## PROBLEM:
Your reply should be made up of every line in the records below that holds the string "Borders".

## DATA:
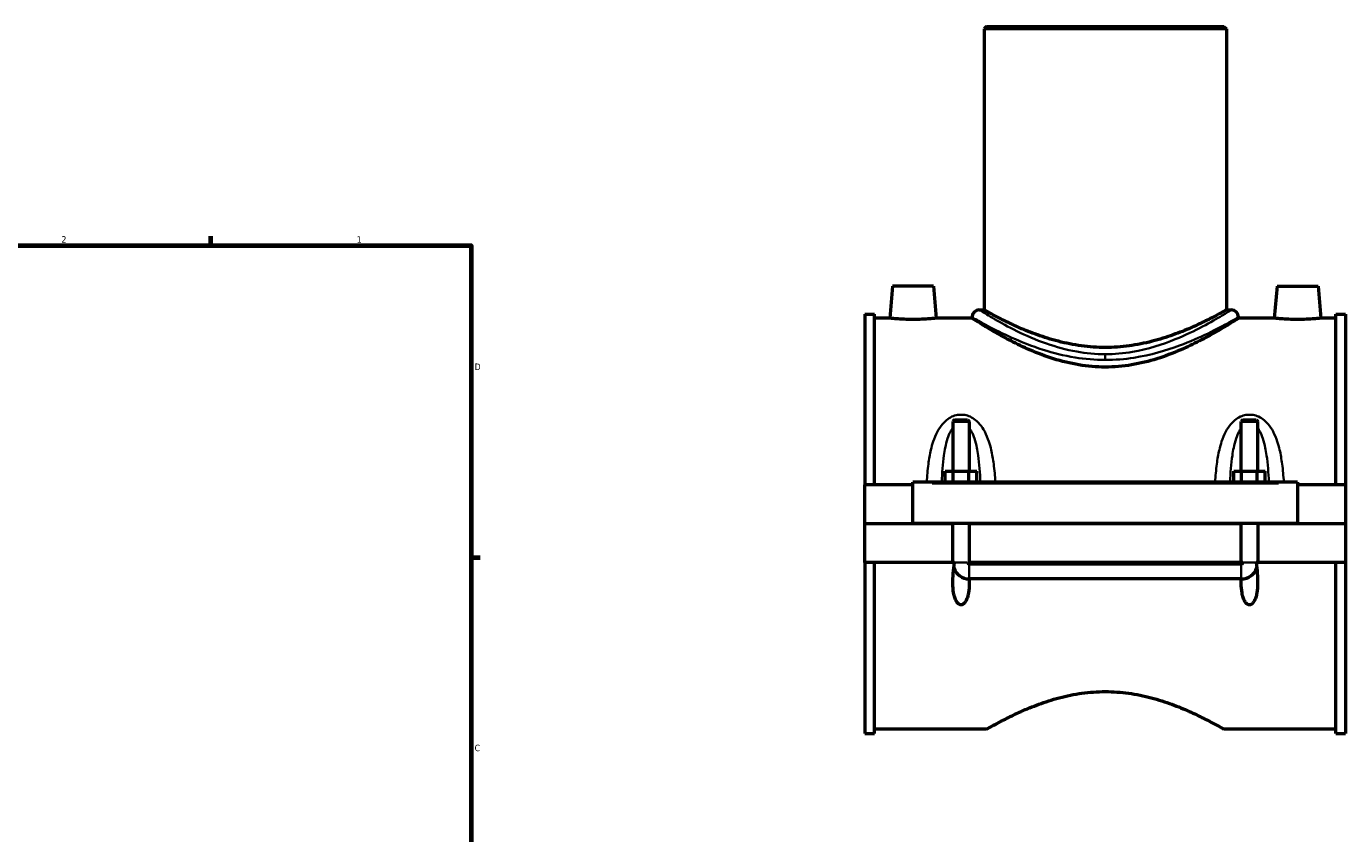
# Model space of a CAD drawing. Header units: inches. Extents: x -0.9 to 55.1, y -1.4 to 50.
# Tile 7 of 8: x 27.1 to 46.1, y 12.5 to 24.2. Entities that reach past the tile are written whole.
import ezdxf

# ---------------------------------------------------------------- set-up
doc = ezdxf.new("R2010")
doc.units = ezdxf.units.IN
doc.header["$MEASUREMENT"] = 0
for name, color, linetype, lineweight in [('Border (ANSI)', 7, 'Continuous', 70), ('Visible (ANSI)', 7, 'Continuous', 50), ('Visible Narrow (ANSI)', 7, 'Continuous', 35)]:
    doc.layers.add(name, color=color, linetype=linetype, lineweight=lineweight)
doc.styles.add('Note Text (ANSI)', font='tahoma.ttf')

# ---------------------------------------------------------------- blocks, each defined once
blk = doc.blocks.new('Borders Default Border')
at = {"layer": 'Border (ANSI)'}
for p, q in [((29.75, 21), (29.75, 21.134)), ((33.5, 16.5), (33.634, 16.5))]:
    blk.add_line(p, q, dxfattribs=at)
at = {"layer": 'Border (ANSI)', "flags": 128}
blk.add_lwpolyline([(0.5, 1), (0.5, 21), (33.5, 21), (33.5, 1), (0.5, 1)], dxfattribs=at)
at = {"layer": 'Border (ANSI)', "color": 5, "true_color": 0x0000ff, "char_height": 0.0945, "attachment_point": 7, "style": 'Note Text (ANSI)'}
for s, insert in [('2', (27.596, 21.04)), ('1', (31.854, 21.04)), ('D', (33.553, 19.203)), ('C', (33.552, 13.701))]:
    blk.add_mtext(s, dxfattribs=dict(at, insert=insert))

msp = doc.modelspace()

# ---------------------------------------------------------------- linework, layer by layer
at = {"layer": 'Visible (ANSI)'}
for p, q in [((40.933, 24.162), (40.898, 24.127)), ((40.933, 24.162), (44.355, 24.162)), ((44.355, 24.162), (44.39, 24.127)), ((44.39, 24.127), (40.898, 24.127)), ((40.898, 24.127), (40.898, 20.071)), ((44.39, 24.127), (44.39, 20.071)), ((39.576, 20.413), (39.536, 19.952)), ((40.167, 20.413), (39.576, 20.413)), ((40.167, 20.413), (40.207, 19.952)), ((45.12, 20.413), (45.08, 19.952)), ((45.12, 20.413), (45.711, 20.413)), ((45.711, 20.413), (45.751, 19.952)), ((39.179, 20.011), (39.179, 17.547)), ((39.179, 20.011), (39.317, 20.011)), ((39.317, 17.547), (39.317, 20.011)), ((40.828, 20.071), (40.898, 20.071)), ((44.39, 20.071), (44.46, 20.071)), ((45.97, 17.547), (45.97, 20.011)), ((45.97, 20.011), (46.109, 20.011)), ((46.109, 20.011), (46.109, 17.547)), ((39.536, 19.952), (39.317, 19.952)), ((40.723, 19.952), (40.207, 19.952)), ((40.723, 19.966), (40.723, 19.952)), ((44.564, 19.966), (44.564, 19.952)), ((45.08, 19.952), (44.564, 19.952)), ((45.97, 19.952), (45.751, 19.952)), ((40.47, 18.485), (40.447, 18.462)), ((40.447, 18.462), (40.447, 17.744)), ((40.683, 18.462), (40.447, 18.462)), ((40.47, 18.485), (40.659, 18.485)), ((40.659, 18.485), (40.683, 18.462)), ((40.683, 18.462), (40.683, 17.744)), ((44.628, 18.485), (44.605, 18.462)), ((44.605, 17.744), (44.605, 18.462)), ((44.841, 18.462), (44.605, 18.462)), ((44.628, 18.485), (44.817, 18.485)), ((44.817, 18.485), (44.841, 18.462)), ((44.841, 17.744), (44.841, 18.462)), ((40.337, 17.587), (40.337, 17.744)), ((40.337, 17.744), (40.451, 17.744)), ((40.451, 17.587), (40.451, 17.744)), ((40.451, 17.744), (40.678, 17.744)), ((40.678, 17.587), (40.678, 17.744)), ((40.678, 17.744), (40.792, 17.744)), ((40.792, 17.587), (40.792, 17.744)), ((44.495, 17.587), (44.495, 17.744)), ((44.495, 17.744), (44.609, 17.744)), ((44.609, 17.587), (44.609, 17.744)), ((44.609, 17.744), (44.836, 17.744)), ((44.836, 17.587), (44.836, 17.744)), ((44.836, 17.744), (44.95, 17.744)), ((44.95, 17.587), (44.95, 17.744)), ((39.872, 17.547), (39.179, 17.547)), ((39.179, 16.988), (39.179, 17.547)), ((39.872, 17.567), (39.872, 17.587)), ((45.416, 17.587), (39.872, 17.587)), ((39.872, 16.988), (39.872, 17.567)), ((45.416, 17.587), (45.416, 17.567)), ((45.416, 17.567), (45.416, 16.988)), ((46.109, 17.547), (45.416, 17.547)), ((46.109, 17.547), (46.109, 16.988)), ((39.179, 16.988), (39.872, 16.988)), ((39.179, 16.424), (39.179, 16.984)), ((40.447, 16.984), (39.179, 16.984)), ((45.416, 16.988), (39.872, 16.988)), ((40.447, 16.988), (40.447, 16.984)), ((40.447, 16.424), (40.447, 16.984)), ((40.683, 16.988), (40.683, 16.984)), ((40.683, 16.984), (40.683, 16.424)), ((44.605, 16.984), (40.683, 16.984)), ((44.605, 16.984), (44.605, 16.988)), ((44.605, 16.424), (44.605, 16.984)), ((44.841, 16.984), (44.841, 16.988)), ((44.841, 16.984), (44.841, 16.424)), ((46.109, 16.984), (44.841, 16.984)), ((45.416, 16.988), (46.109, 16.988)), ((46.109, 16.984), (46.109, 16.424)), ((40.447, 16.424), (39.179, 16.424)), ((39.179, 16.424), (39.179, 13.961)), ((39.317, 13.961), (39.317, 16.424)), ((40.469, 16.424), (40.447, 16.424)), ((40.683, 16.424), (40.661, 16.424)), ((44.605, 16.424), (40.683, 16.424)), ((40.683, 16.405), (44.605, 16.405)), ((44.627, 16.424), (44.605, 16.424)), ((44.841, 16.424), (44.819, 16.424)), ((46.109, 16.424), (44.841, 16.424)), ((45.97, 13.961), (45.97, 16.424)), ((46.109, 16.424), (46.109, 13.961)), ((44.605, 16.189), (40.683, 16.189)), ((39.179, 13.961), (39.317, 13.961)), ((40.933, 14.02), (39.317, 14.02)), ((45.97, 14.02), (44.355, 14.02)), ((45.97, 13.961), (46.109, 13.961))]:
    msp.add_line(p, q, dxfattribs=at)
for centre, radius, start, end in [((40.828, 19.966), 0.105, 90, 180), ((44.46, 19.966), 0.105, 0, 90), ((40.683, 16.424), 0.236, 198.7562, 269.8261), ((44.605, 16.424), 0.236, 270.1739, 341.2438)]:
    msp.add_arc(centre, radius, start, end, dxfattribs=at)
for points, knots in [([(44.39, 20.071), (44.39, 20.071), (44.379, 20.064), (44.333, 20.039), (44.299, 20.02), (44.209, 19.972), (44.153, 19.943), (44.026, 19.88), (43.954, 19.846), (43.802, 19.779), (43.716, 19.744), (43.528, 19.677), (43.426, 19.645), (43.212, 19.59), (43.1, 19.567), (42.872, 19.537), (42.757, 19.529), (42.531, 19.529), (42.415, 19.537), (42.187, 19.567), (42.075, 19.59), (41.861, 19.645), (41.759, 19.677), (41.571, 19.744), (41.485, 19.779), (41.333, 19.846), (41.261, 19.88), (41.134, 19.943), (41.079, 19.972), (40.989, 20.02), (40.954, 20.039), (40.909, 20.064), (40.898, 20.071), (40.898, 20.071)], [6.86563, 6.86563, 6.86563, 6.86563, 7.721741, 7.721741, 8.577853, 8.577853, 9.433964, 9.433964, 10.290075, 10.290075, 11.150371, 11.150371, 12.010668, 12.010668, 12.870964, 12.870964, 13.731261, 13.731261, 14.591557, 14.591557, 15.451854, 15.451854, 16.31215, 16.31215, 17.172447, 17.172447, 18.028558, 18.028558, 18.884669, 18.884669, 19.74078, 19.74078, 20.596891, 20.596891, 20.596891, 20.596891]), ([(39.872, 19.933), (39.829, 19.933), (39.784, 19.934), (39.702, 19.937), (39.664, 19.94), (39.604, 19.945), (39.579, 19.947), (39.544, 19.951), (39.536, 19.952), (39.536, 19.952)], [2.57775, 2.57775, 2.57775, 2.57775, 2.900155, 2.900155, 3.22256, 3.22256, 3.544592, 3.544592, 3.866624, 3.866624, 3.866624, 3.866624]), ([(40.207, 19.952), (40.207, 19.952), (40.199, 19.951), (40.165, 19.947), (40.139, 19.945), (40.08, 19.94), (40.042, 19.937), (39.959, 19.934), (39.914, 19.933), (39.872, 19.933)], [6.444374, 6.444374, 6.444374, 6.444374, 6.766406, 6.766406, 7.088438, 7.088438, 7.410843, 7.410843, 7.733249, 7.733249, 7.733249, 7.733249]), ([(42.644, 19.246), (42.518, 19.246), (42.39, 19.257), (42.139, 19.299), (42.015, 19.329), (41.781, 19.403), (41.669, 19.446), (41.463, 19.534), (41.369, 19.58), (41.203, 19.665), (41.124, 19.709), (40.985, 19.789), (40.923, 19.826), (40.824, 19.887), (40.786, 19.912), (40.735, 19.944), (40.723, 19.952), (40.723, 19.952)], [0, 0, 0, 0, 0.958738, 0.958738, 1.917475, 1.917475, 2.876213, 2.876213, 3.83495, 3.83495, 4.784617, 4.784617, 5.734285, 5.734285, 6.683952, 6.683952, 7.633619, 7.633619, 7.633619, 7.633619]), ([(44.564, 19.952), (44.564, 19.952), (44.552, 19.944), (44.502, 19.912), (44.463, 19.887), (44.364, 19.826), (44.303, 19.789), (44.163, 19.709), (44.085, 19.665), (43.918, 19.58), (43.824, 19.534), (43.618, 19.446), (43.507, 19.403), (43.272, 19.329), (43.149, 19.299), (42.898, 19.257), (42.77, 19.246), (42.644, 19.246)], [22.900856, 22.900856, 22.900856, 22.900856, 23.850524, 23.850524, 24.800191, 24.800191, 25.749858, 25.749858, 26.699525, 26.699525, 27.658263, 27.658263, 28.617, 28.617, 29.575738, 29.575738, 30.534475, 30.534475, 30.534475, 30.534475]), ([(45.416, 19.933), (45.373, 19.933), (45.328, 19.934), (45.246, 19.937), (45.208, 19.94), (45.148, 19.945), (45.123, 19.947), (45.088, 19.951), (45.08, 19.952), (45.08, 19.952)], [0, 0, 0, 0, 0.322405, 0.322405, 0.64481, 0.64481, 0.966842, 0.966842, 1.288875, 1.288875, 1.288875, 1.288875]), ([(45.751, 19.952), (45.751, 19.952), (45.743, 19.951), (45.709, 19.947), (45.683, 19.945), (45.624, 19.94), (45.586, 19.937), (45.503, 19.934), (45.458, 19.933), (45.416, 19.933)], [3.866624, 3.866624, 3.866624, 3.866624, 4.188657, 4.188657, 4.510689, 4.510689, 4.833094, 4.833094, 5.155499, 5.155499, 5.155499, 5.155499]), ([(40.682, 16.189), (40.683, 16.167), (40.683, 16.145), (40.682, 16.08), (40.679, 16.033), (40.667, 15.965), (40.662, 15.942), (40.649, 15.9), (40.641, 15.88), (40.622, 15.851), (40.613, 15.839), (40.597, 15.826), (40.591, 15.823), (40.578, 15.818), (40.572, 15.816), (40.558, 15.816), (40.551, 15.818), (40.539, 15.823), (40.533, 15.826), (40.516, 15.839), (40.507, 15.851), (40.489, 15.88), (40.481, 15.9), (40.467, 15.942), (40.462, 15.965), (40.45, 16.033), (40.447, 16.08), (40.445, 16.218), (40.454, 16.321), (40.469, 16.424)], [1.588905, 1.588905, 1.588905, 1.588905, 1.759351, 1.759351, 2.105453, 2.105453, 2.278504, 2.278504, 2.451555, 2.451555, 2.558265, 2.558265, 2.61162, 2.61162, 2.664975, 2.664975, 2.71833, 2.71833, 2.771685, 2.771685, 2.878394, 2.878394, 3.051446, 3.051446, 3.224497, 3.224497, 3.570599, 3.570599, 4.325007, 4.325007, 4.325007, 4.325007]), ([(40.661, 16.424), (40.661, 16.422), (40.662, 16.419), (40.665, 16.414), (40.667, 16.411), (40.671, 16.408), (40.673, 16.407), (40.678, 16.405), (40.68, 16.405), (40.683, 16.405)], [0.00007391, 0.00007391, 0.00007391, 0.00007391, 0.02275096, 0.02275096, 0.04508234, 0.04508234, 0.06390145, 0.06390145, 0.08233442, 0.08233442, 0.08233442, 0.08233442]), ([(44.819, 16.424), (44.833, 16.321), (44.842, 16.218), (44.84, 16.08), (44.837, 16.033), (44.825, 15.965), (44.82, 15.942), (44.807, 15.9), (44.799, 15.88), (44.78, 15.851), (44.771, 15.839), (44.755, 15.826), (44.749, 15.823), (44.736, 15.818), (44.73, 15.816), (44.716, 15.816), (44.709, 15.818), (44.697, 15.823), (44.691, 15.826), (44.674, 15.839), (44.665, 15.851), (44.647, 15.88), (44.639, 15.9), (44.625, 15.942), (44.62, 15.965), (44.608, 16.033), (44.605, 16.08), (44.604, 16.145), (44.605, 16.167), (44.605, 16.189)], [1.004943, 1.004943, 1.004943, 1.004943, 1.759351, 1.759351, 2.105453, 2.105453, 2.278504, 2.278504, 2.451555, 2.451555, 2.558265, 2.558265, 2.61162, 2.61162, 2.664975, 2.664975, 2.71833, 2.71833, 2.771685, 2.771685, 2.878394, 2.878394, 3.051446, 3.051446, 3.224497, 3.224497, 3.570599, 3.570599, 3.741045, 3.741045, 3.741045, 3.741045]), ([(44.605, 16.405), (44.607, 16.405), (44.61, 16.406), (44.615, 16.408), (44.618, 16.409), (44.622, 16.413), (44.623, 16.415), (44.625, 16.419), (44.626, 16.422), (44.627, 16.424)], [0, 0, 0, 0, 0.02145806, 0.02145806, 0.04349348, 0.04349348, 0.06239306, 0.06239306, 0.0821698, 0.0821698, 0.0821698, 0.0821698]), ([(40.933, 14.02), (40.933, 14.02), (40.943, 14.026), (40.988, 14.052), (41.022, 14.071), (41.11, 14.119), (41.165, 14.148), (41.289, 14.211), (41.359, 14.245), (41.508, 14.311), (41.593, 14.346), (41.777, 14.414), (41.877, 14.447), (42.086, 14.502), (42.196, 14.525), (42.42, 14.555), (42.533, 14.563), (42.644, 14.563)], [20.21052, 20.21052, 20.21052, 20.21052, 21.050375, 21.050375, 21.890229, 21.890229, 22.730084, 22.730084, 23.569939, 23.569939, 24.414294, 24.414294, 25.258649, 25.258649, 26.103005, 26.103005, 26.94736, 26.94736, 26.94736, 26.94736]), ([(42.644, 14.563), (42.755, 14.563), (42.868, 14.555), (43.091, 14.525), (43.201, 14.502), (43.411, 14.447), (43.511, 14.414), (43.695, 14.346), (43.779, 14.311), (43.928, 14.245), (43.998, 14.211), (44.123, 14.148), (44.177, 14.119), (44.266, 14.071), (44.299, 14.052), (44.344, 14.026), (44.355, 14.02), (44.355, 14.02)], [0, 0, 0, 0, 0.844355, 0.844355, 1.688711, 1.688711, 2.533066, 2.533066, 3.377421, 3.377421, 4.217276, 4.217276, 5.057131, 5.057131, 5.896985, 5.896985, 6.73684, 6.73684, 6.73684, 6.73684])]:
    msp.add_open_spline(points, degree=3, knots=knots, dxfattribs=at)
for points in [[(40.683, 16.189), (40.683, 16.189), (40.682, 16.189), (40.682, 16.189)], [(44.605, 16.189), (44.605, 16.189), (44.605, 16.189), (44.605, 16.189)]]:
    msp.add_open_spline(points, degree=3, dxfattribs=at)
at = {"layer": 'Visible Narrow (ANSI)'}
for p, q in [((42.644, 19.429), (42.644, 19.353)), ((40.149, 17.567), (45.139, 17.567)), ((40.476, 16.424), (40.654, 16.424)), ((40.683, 16.191), (40.683, 16.396)), ((44.605, 16.191), (44.605, 16.396)), ((44.812, 16.424), (44.634, 16.424))]:
    msp.add_line(p, q, dxfattribs=at)
for points, knots in [([(42.644, 19.432), (42.505, 19.432), (42.366, 19.445), (42.079, 19.496), (41.933, 19.537), (41.64, 19.639), (41.496, 19.703), (41.244, 19.827), (41.134, 19.887), (40.963, 19.987), (40.9, 20.026), (40.84, 20.063), (40.828, 20.07), (40.828, 20.071)], [15.212392, 15.212392, 15.212392, 15.212392, 16.294471, 16.294471, 17.536063, 17.536063, 18.983706, 18.983706, 20.446237, 20.446237, 21.881482, 21.881482, 22.818582, 22.818582, 22.818582, 22.818582]), ([(44.46, 20.071), (44.46, 20.071), (44.457, 20.069), (44.433, 20.054), (44.391, 20.027), (44.257, 19.947), (44.161, 19.891), (43.932, 19.77), (43.8, 19.706), (43.47, 19.571), (43.26, 19.503), (42.908, 19.444), (42.776, 19.432), (42.644, 19.432)], [38.030974, 38.030974, 38.030974, 38.030974, 38.507627, 38.507627, 39.855203, 39.855203, 41.351001, 41.351001, 42.795896, 42.795896, 44.609538, 44.609538, 45.637177, 45.637177, 45.637177, 45.637177]), ([(40.723, 19.966), (40.723, 19.966), (40.736, 19.958), (40.799, 19.923), (40.866, 19.885), (41.047, 19.789), (41.163, 19.73), (41.43, 19.61), (41.582, 19.549), (41.892, 19.45), (42.046, 19.411), (42.35, 19.361), (42.497, 19.349), (42.644, 19.349)], [-22.818582, -22.818582, -22.818582, -22.818582, -21.881482, -21.881482, -20.446237, -20.446237, -18.983706, -18.983706, -17.536063, -17.536063, -16.294471, -16.294471, -15.212392, -15.212392, -15.212392, -15.212392]), ([(42.644, 19.349), (42.783, 19.349), (42.923, 19.36), (43.296, 19.418), (43.517, 19.483), (43.867, 19.613), (44.006, 19.675), (44.248, 19.792), (44.35, 19.846), (44.491, 19.924), (44.536, 19.95), (44.561, 19.964), (44.564, 19.966), (44.564, 19.966)], [-45.637177, -45.637177, -45.637177, -45.637177, -44.609538, -44.609538, -42.795896, -42.795896, -41.351001, -41.351001, -39.855203, -39.855203, -38.507627, -38.507627, -38.030974, -38.030974, -38.030974, -38.030974]), ([(41.06, 17.587), (41.054, 17.674), (41.047, 17.761), (41.026, 17.917), (41.015, 17.986), (40.99, 18.093), (40.979, 18.132), (40.949, 18.221), (40.93, 18.269), (40.885, 18.353), (40.861, 18.389), (40.815, 18.443), (40.796, 18.463), (40.75, 18.5), (40.724, 18.517), (40.671, 18.542), (40.644, 18.55), (40.6, 18.558), (40.582, 18.559), (40.565, 18.559), (40.547, 18.559), (40.53, 18.558), (40.485, 18.55), (40.459, 18.542), (40.405, 18.517), (40.379, 18.5), (40.334, 18.463), (40.314, 18.443), (40.268, 18.389), (40.245, 18.353), (40.2, 18.269), (40.18, 18.221), (40.151, 18.132), (40.14, 18.093), (40.115, 17.986), (40.103, 17.917), (40.083, 17.761), (40.075, 17.674), (40.07, 17.587)], [-6.590119, -6.590119, -6.590119, -6.590119, -5.958014, -5.958014, -5.436827, -5.436827, -5.125433, -5.125433, -4.721084, -4.721084, -4.381603, -4.381603, -4.165115, -4.165115, -3.921867, -3.921867, -3.709585, -3.709585, -3.576908, -3.576908, -3.576908, -3.444231, -3.444231, -3.231948, -3.231948, -2.9887, -2.9887, -2.772213, -2.772213, -2.432731, -2.432731, -2.028382, -2.028382, -1.716988, -1.716988, -1.195802, -1.195802, -0.563697, -0.563697, -0.563697, -0.563697]), ([(45.218, 17.587), (45.212, 17.674), (45.205, 17.761), (45.184, 17.917), (45.173, 17.986), (45.148, 18.093), (45.137, 18.132), (45.107, 18.221), (45.088, 18.269), (45.043, 18.353), (45.019, 18.389), (44.973, 18.443), (44.954, 18.463), (44.908, 18.5), (44.882, 18.517), (44.829, 18.542), (44.802, 18.55), (44.758, 18.558), (44.74, 18.559), (44.723, 18.559), (44.705, 18.559), (44.688, 18.558), (44.643, 18.55), (44.617, 18.542), (44.563, 18.517), (44.537, 18.5), (44.492, 18.463), (44.472, 18.443), (44.426, 18.389), (44.403, 18.353), (44.358, 18.269), (44.338, 18.221), (44.309, 18.132), (44.298, 18.093), (44.273, 17.986), (44.261, 17.917), (44.241, 17.761), (44.233, 17.674), (44.228, 17.587)], [-6.590219, -6.590219, -6.590219, -6.590219, -5.958112, -5.958112, -5.436927, -5.436927, -5.125535, -5.125535, -4.721186, -4.721186, -4.381704, -4.381704, -4.165216, -4.165216, -3.921967, -3.921967, -3.709684, -3.709684, -3.577008, -3.577008, -3.577008, -3.444331, -3.444331, -3.232048, -3.232048, -2.9888, -2.9888, -2.772312, -2.772312, -2.43283, -2.43283, -2.02848, -2.02848, -1.717088, -1.717088, -1.195903, -1.195903, -0.563796, -0.563796, -0.563796, -0.563796]), ([(40.285, 17.587), (40.288, 17.652), (40.292, 17.717), (40.302, 17.846), (40.309, 17.91), (40.323, 18.009), (40.33, 18.046), (40.346, 18.127), (40.357, 18.172), (40.383, 18.25), (40.396, 18.283), (40.422, 18.333), (40.433, 18.351), (40.446, 18.368), (40.446, 18.368), (40.447, 18.368)], [0.682258, 0.682258, 0.682258, 0.682258, 1.195802, 1.195802, 1.716988, 1.716988, 2.028382, 2.028382, 2.432731, 2.432731, 2.772213, 2.772213, 2.9887, 2.9887, 2.994883, 2.994883, 2.994883, 2.994883]), ([(40.683, 18.368), (40.683, 18.368), (40.684, 18.368), (40.696, 18.351), (40.707, 18.333), (40.733, 18.283), (40.747, 18.25), (40.772, 18.172), (40.783, 18.127), (40.8, 18.046), (40.806, 18.009), (40.82, 17.91), (40.827, 17.846), (40.837, 17.717), (40.841, 17.652), (40.844, 17.587)], [4.158933, 4.158933, 4.158933, 4.158933, 4.165115, 4.165115, 4.381603, 4.381603, 4.721084, 4.721084, 5.125433, 5.125433, 5.436827, 5.436827, 5.958014, 5.958014, 6.471558, 6.471558, 6.471558, 6.471558]), ([(44.443, 17.587), (44.446, 17.652), (44.45, 17.717), (44.46, 17.846), (44.467, 17.91), (44.481, 18.009), (44.488, 18.046), (44.504, 18.127), (44.515, 18.172), (44.541, 18.25), (44.554, 18.283), (44.58, 18.333), (44.591, 18.351), (44.604, 18.368), (44.604, 18.368), (44.605, 18.368)], [0.682358, 0.682358, 0.682358, 0.682358, 1.195903, 1.195903, 1.717088, 1.717088, 2.02848, 2.02848, 2.43283, 2.43283, 2.772312, 2.772312, 2.9888, 2.9888, 2.994983, 2.994983, 2.994983, 2.994983]), ([(44.841, 18.368), (44.841, 18.368), (44.842, 18.368), (44.854, 18.351), (44.865, 18.333), (44.891, 18.283), (44.905, 18.25), (44.93, 18.172), (44.941, 18.127), (44.958, 18.046), (44.964, 18.009), (44.978, 17.91), (44.985, 17.846), (44.995, 17.717), (44.999, 17.652), (45.002, 17.587)], [4.159033, 4.159033, 4.159033, 4.159033, 4.165216, 4.165216, 4.381704, 4.381704, 4.721186, 4.721186, 5.125535, 5.125535, 5.436927, 5.436927, 5.958112, 5.958112, 6.471657, 6.471657, 6.471657, 6.471657])]:
    msp.add_open_spline(points, degree=3, knots=knots, dxfattribs=at)

# ---------------------------------------------------------------- block references
msp.add_blockref('Borders Default Border', (0, 0))

doc.saveas('drawing.dxf')

## EXERCISE SOLUTION:
blk = doc.blocks.new('Borders Default Border')
msp.add_blockref('Borders Default Border', (0, 0))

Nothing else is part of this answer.